Posted on February 18, 2013



Gun control has become one of the preeminent battles of 2013.

Across the country, Americans are debating the effectiveness of President Obama’s gun-control proposals. Commentators on the left argue that semiautomatic weapons and high capacity magazines aren’t necessary for home defense or hunting.

On the right, the president’s critics say limiting guns won’t end violence, and they point out that no matter what laws Congress passes, criminals will still find ways to be well armed. The proposed legislation in states and Congress, they contend, simply would put law-abiding citizens at a disadvantage.

Both sides are missing the larger question in this debate: Where does Congress or the states derive the power to prohibit ownership or manufacture of certain weapons or magazines.
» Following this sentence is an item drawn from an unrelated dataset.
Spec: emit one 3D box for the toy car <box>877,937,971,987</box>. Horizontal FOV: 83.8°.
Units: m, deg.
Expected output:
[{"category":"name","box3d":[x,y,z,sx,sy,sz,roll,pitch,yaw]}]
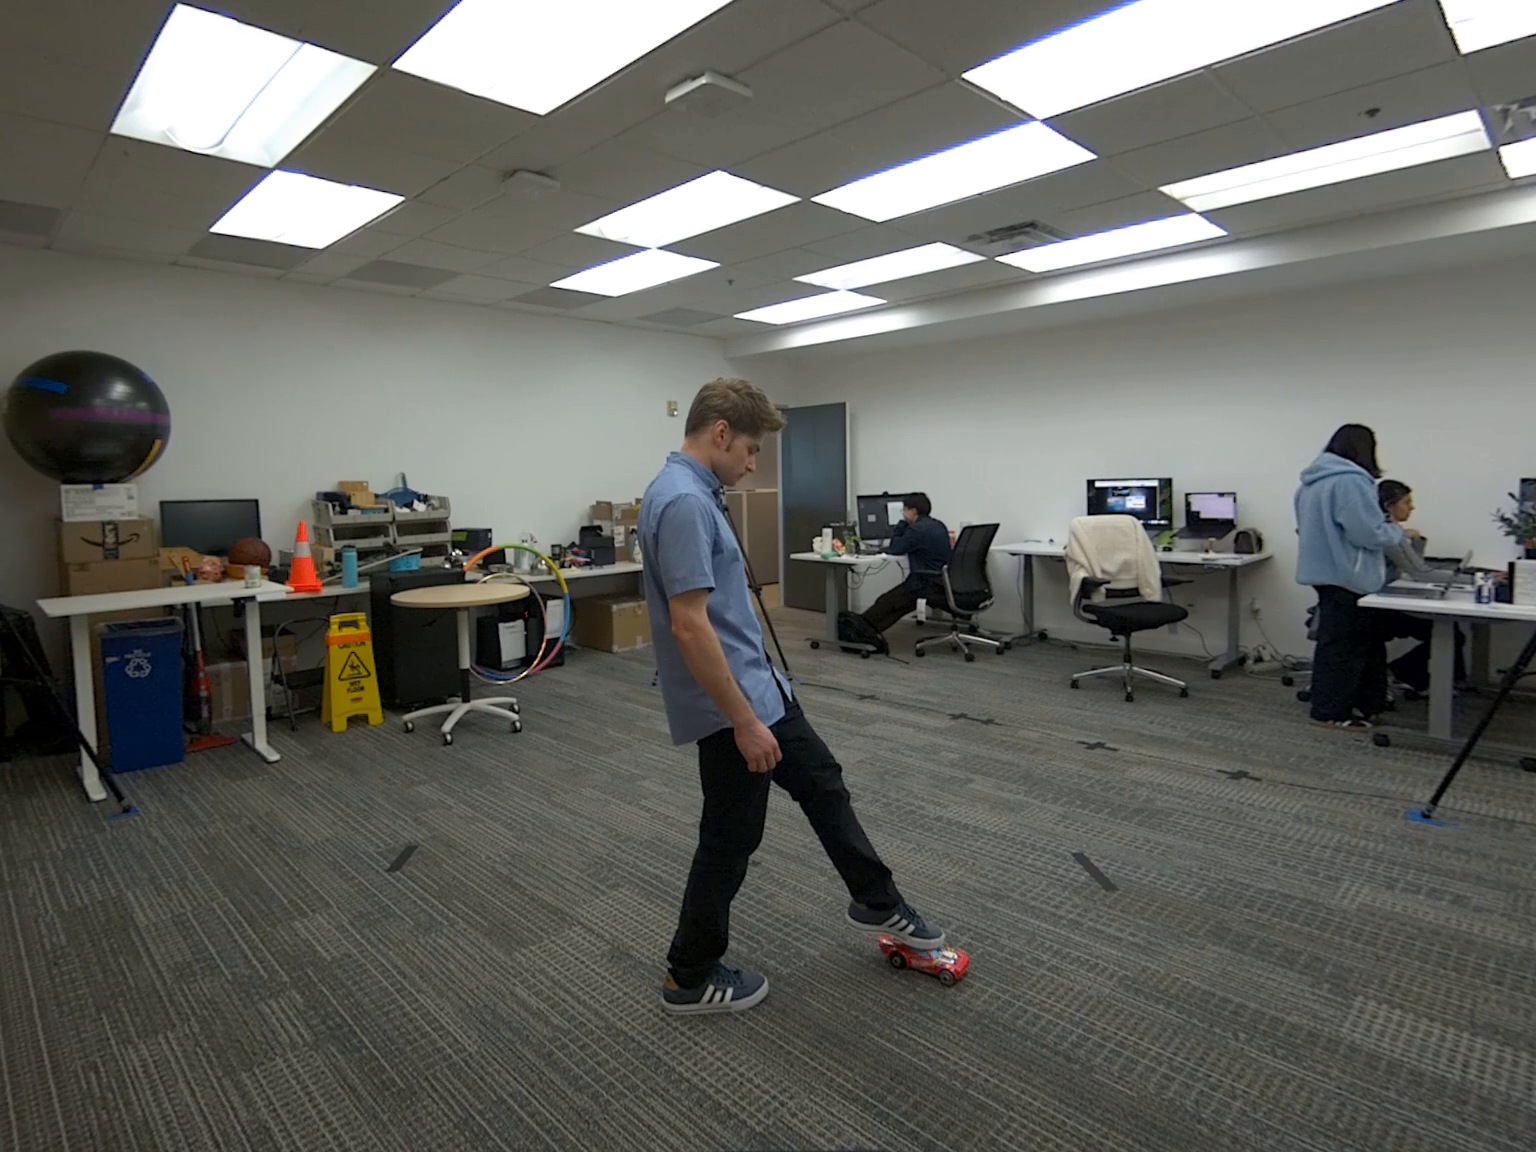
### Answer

It seems many gun-rights advocates and opponents have forgotten there basic civics in assuming that Congress or a state can act as long as 51 percent of the members agree.

The U.S. Supreme Court has consistently upheld the individuals right to bear arms over several decades and court cases.

Such history lessons are usually dismissed by modern politicians, and they pay little attention to the Second Amendment of the U.S. Constitution.

Unfortunately, many lawmakers are now bent on enacting state and national gun-control laws, and too many of their opponents are debating the merits of these proposed laws when they should be questioning their constitutionality.

They will continue to do so unless the American public asks them the fundamental questions about the source of their authority and demand a reasoned response.

Otherwise, enacted gun-control laws will be brought before the U.S. Supreme Court.